Drivers’ reaction times are certainly not set in stone. One thing that impairs reaction time is the consumption of alcohol. However, one must account for all the effects of alcohol. For example, by at least temporarily reducing cortisol, some drivers may be less dangerous on the road by reduced speeding. Additionally, the meta-cognitive effect, where one realizes his or her own impairment and thus drives much more carefully than when sober, must be accounted for. There is indeed a principled case to be made to legalize drunk driving.
Reaction time can be improved. I am currently part of a cohort in a study hosted by Twitter user @anabology, testing the impact of active thyroid hormone (T3) supplementation on both reaction time and IQ. While I cannot yet speak to the study results, I can say that in my experience, as a non-clinically hypothyroid man, supplementing T3 yields a clearly identifiable increase in my mental acuity. Is there a potential future where if you take proven measures to improve your reaction time, your insurance premiums can be reduced?

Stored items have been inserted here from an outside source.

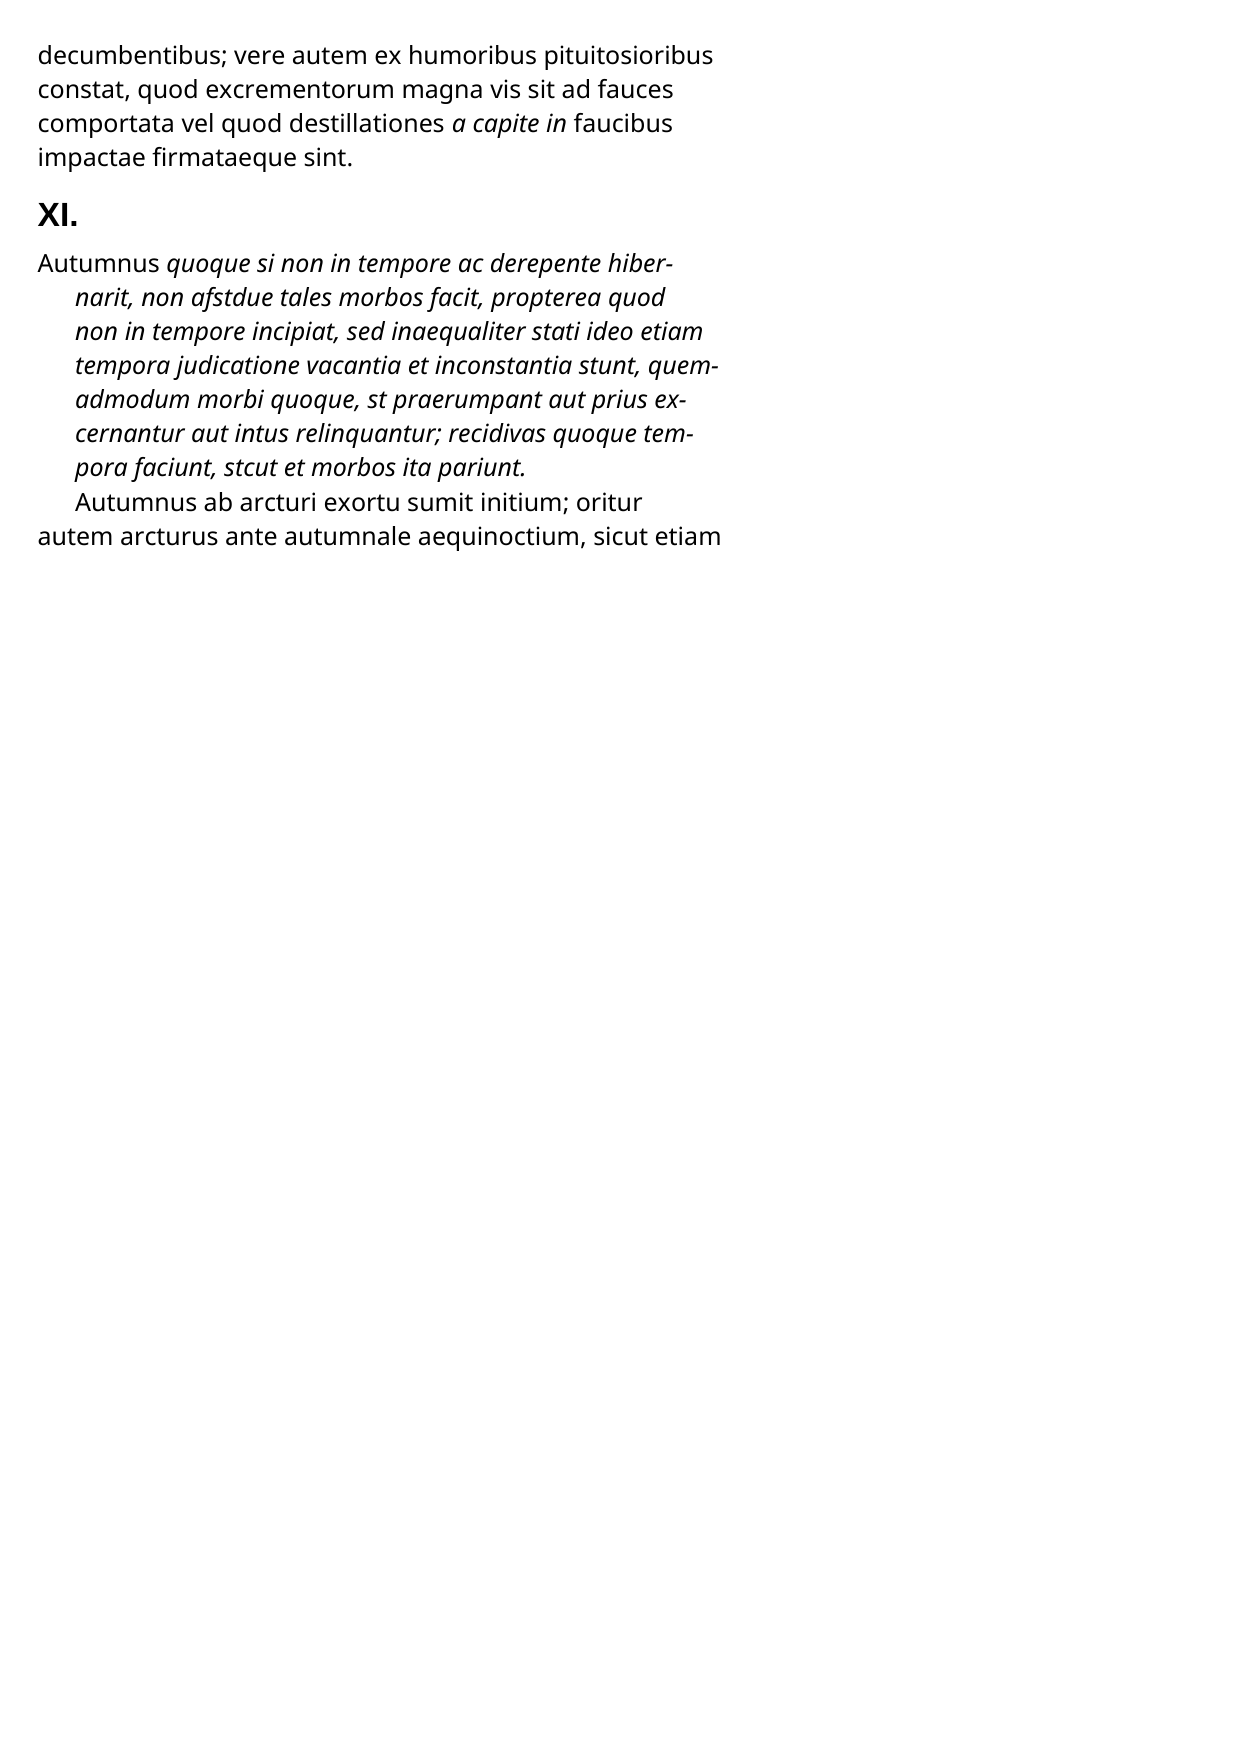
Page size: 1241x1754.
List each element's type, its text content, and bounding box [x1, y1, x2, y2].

text decumbentibus; vere autem ex humoribus pituitosioribus constat, quod excrementorum magna vis sit ad fauces comportata vel quod destillationes a capite in faucibus impactae firmataeque sint. [37, 37, 1203, 174]
text Autumnus quoque si non in tempore ac derepente hiber- narit, non afstdue tales morbos facit, propterea quod non in tempore incipiat, sed inaequaliter stati ideo etiam tempora judicatione vacantia et inconstantia stunt, quem- admodum morbi quoque, st praerumpant aut prius ex- cernantur aut intus relinquantur; recidivas quoque tem- pora faciunt, stcut et morbos ita pariunt. [37, 246, 1203, 484]
subtitle XI. [37, 194, 1203, 233]
text Autumnus ab arcturi exortu sumit initium; oritur autem arcturus ante autumnale aequinoctium, sicut etiam [37, 484, 1203, 552]

Until insurance entrepreneurs have the courage to fill this market niche and/or the law is laid in favor of freedom of association, these opportunities are unlikely. To the chagrin of unaccountable libertines, the replacement of the federal welfare state with a flourishing network of insurance and mutual aid societies would promote virtue, not vice, in at least those human capacities that are relevant to insurable risk.

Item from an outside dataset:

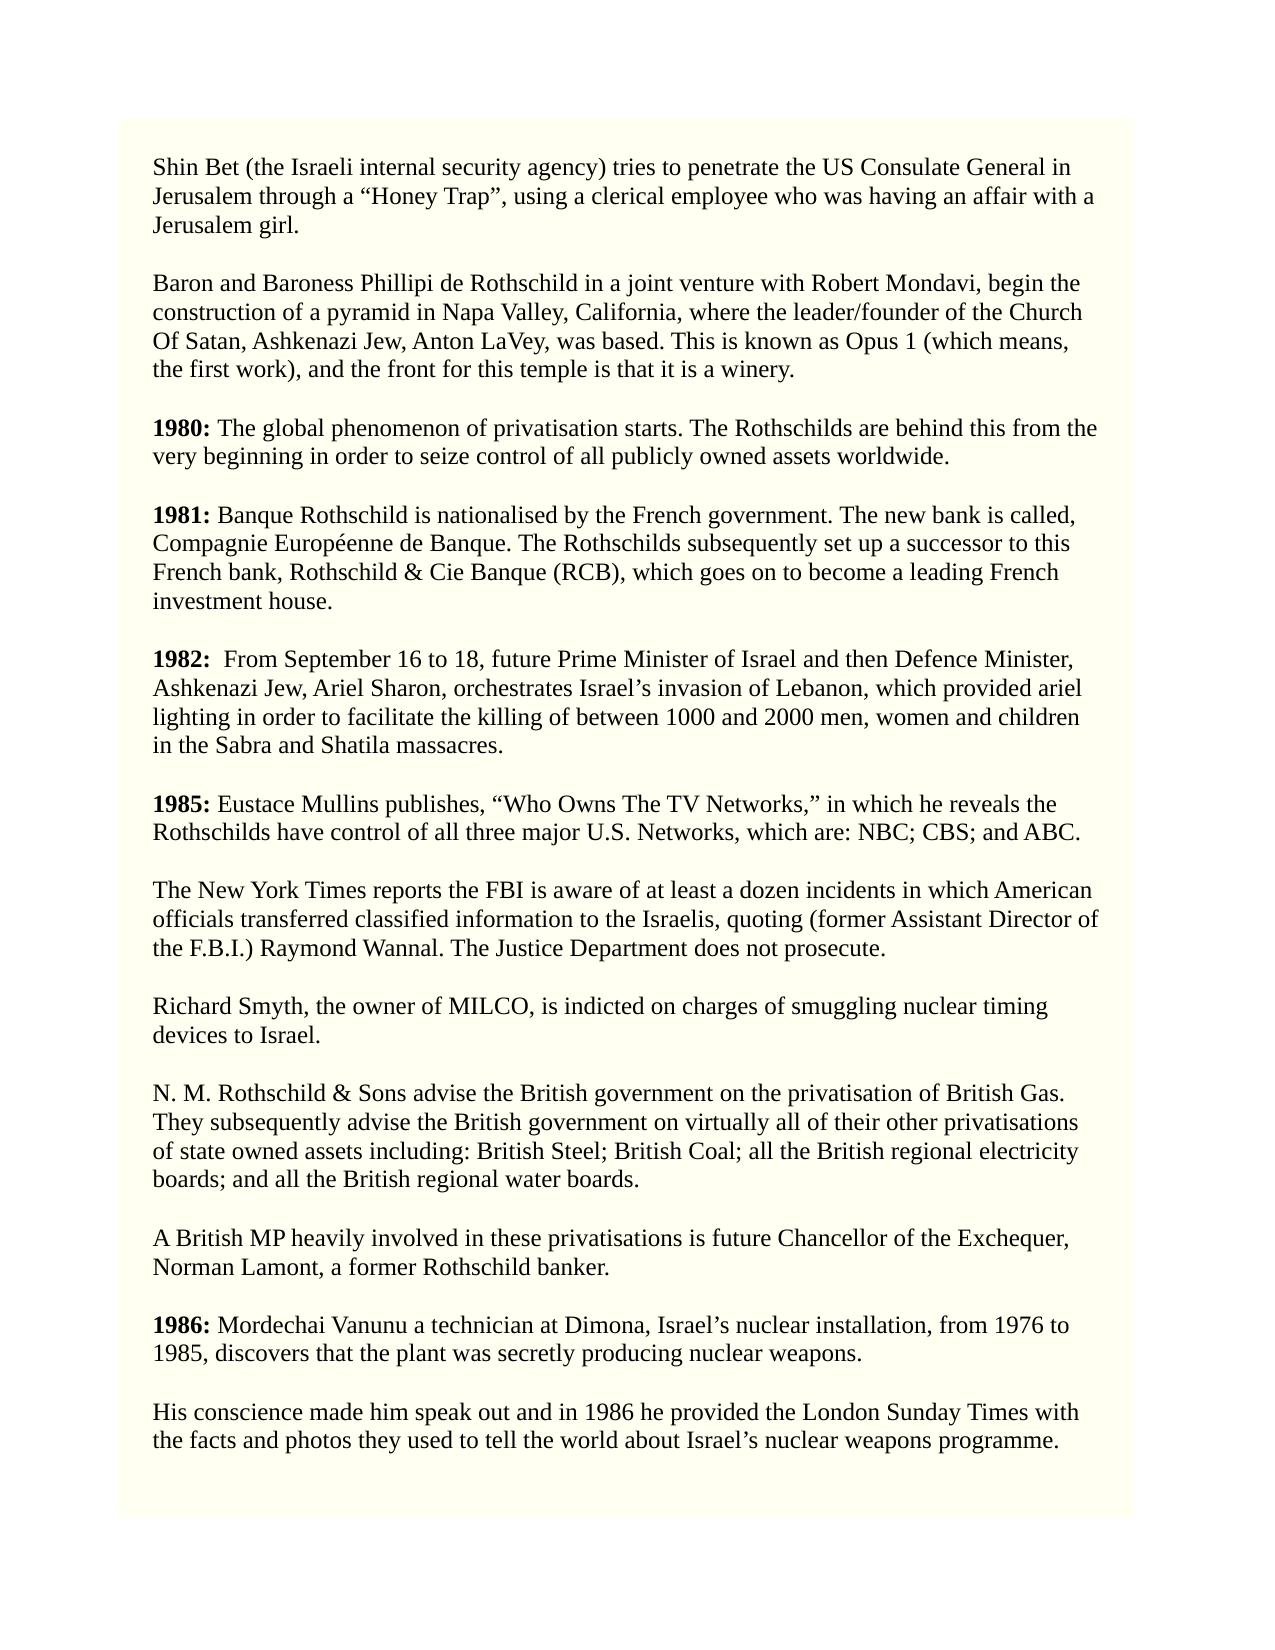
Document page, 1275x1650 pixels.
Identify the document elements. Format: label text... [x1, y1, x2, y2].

table_header Shin Bet (the Israeli internal security agency) tries to penetrate the US Consulate General in Jerusalem through a “Honey Trap”, using a clerical employee who was having an affair with a Jerusalem girl. Baron and Baroness Phillipi de Rothschild in a joint venture with Robert Mondavi, begin the construction of a pyramid in Napa Valley, California, where the leader/founder of the Church Of Satan, Ashkenazi Jew, Anton LaVey, was based. This is known as Opus 1 (which means, the first work), and the front for this temple is that it is a winery. 1980: The global phenomenon of privatisation starts. The Rothschilds are behind this from the very beginning in order to seize control of all publicly owned assets worldwide. 1981: Banque Rothschild is nationalised by the French government. The new bank is called, Compagnie Européenne de Banque. The Rothschilds subsequently set up a successor to this French bank, Rothschild & Cie Banque (RCB), which goes on to become a leading French investment house. 1982: From September 16 to 18, future Prime Minister of Israel and then Defence Minister, Ashkenazi Jew, Ariel Sharon, orchestrates Israel’s invasion of Lebanon, which provided ariel lighting in order to facilitate the killing of between 1000 and 2000 men, women and children in the Sabra and Shatila massacres. 1985: Eustace Mullins publishes, “Who Owns The TV Networks,” in which he reveals the Rothschilds have control of all three major U.S. Networks, which are: NBC; CBS; and ABC. The New York Times reports the FBI is aware of at least a dozen incidents in which American officials transferred classified information to the Israelis, quoting (former Assistant Director of the F.B.I.) Raymond Wannal. The Justice Department does not prosecute. Richard Smyth, the owner of MILCO, is indicted on charges of smuggling nuclear timing devices to Israel. N. M. Rothschild & Sons advise the British government on the privatisation of British Gas. They subsequently advise the British government on virtually all of their other privatisations of state owned assets including: British Steel; British Coal; all the British regional electricity boards; and all the British regional water boards. A British MP heavily involved in these privatisations is future Chancellor of the Exchequer, Norman Lamont, a former Rothschild banker. 1986: Mordechai Vanunu a technician at Dimona, Israel’s nuclear installation, from 1976 to 1985, discovers that the plant was secretly producing nuclear weapons. His conscience made him speak out and in 1986 he provided the London Sunday Times with the facts and photos they used to tell the world about Israel’s nuclear weapons programme. [118, 118, 1134, 1518]

It's one thing to correct incentives in order to (at minimum) not cause public degeneration, it's another to argue along the lines of the transhumanist. With any sort of half-baked transhumanism (it's all half baked), it's likely you'll just reintroduce incentives which have negative medium and long term consequences on the population themselves.
I'm not particularly against supplementation, but the argument for it should start from an anti-liberal (i.e. anti-transhuman) perspective, or it's likely not well thought out, at least not enough to allow it to be incentivized institutionally. Those in rightful power (not our subversive set of elites) should determine in which ways it's permissible for organizations to incentivize the population to supplement their natural bodies, and should not allow policies which are needlessly and clearly harmful on the population level. This isn't a comment on individual choice or judgement, or T3 in particular.
The drunk driving bit smells like the classic twitter hot take. Spicy and wakes you up, but maybe it doesn't belong in apple pie.
Beyond those things, good article. Civil rights mentality applied to insurance, as with anything else, is nothing but a net loss. Virtue suffers when those who are virtuous, and have deep reasons to be virtuous with one another, aren't allowed to freely associate, which includes the right to exclude those who aren't up to their standards judged by efficient and effective criteria that are not limited by retrograde sentiments of equality, racial or otherwise.
It would make sense that if your body is running in good order (euthyroid) then your mental acuity would also be in good order. This is why cost-sharing rganizations like MediShare give good discounts for members who are in shape and don't engage in risky behavior. Its old fashioned good stewardship that lowers overall costs. IMO, Responsibilty/ownership mitigates risk much better than insurance.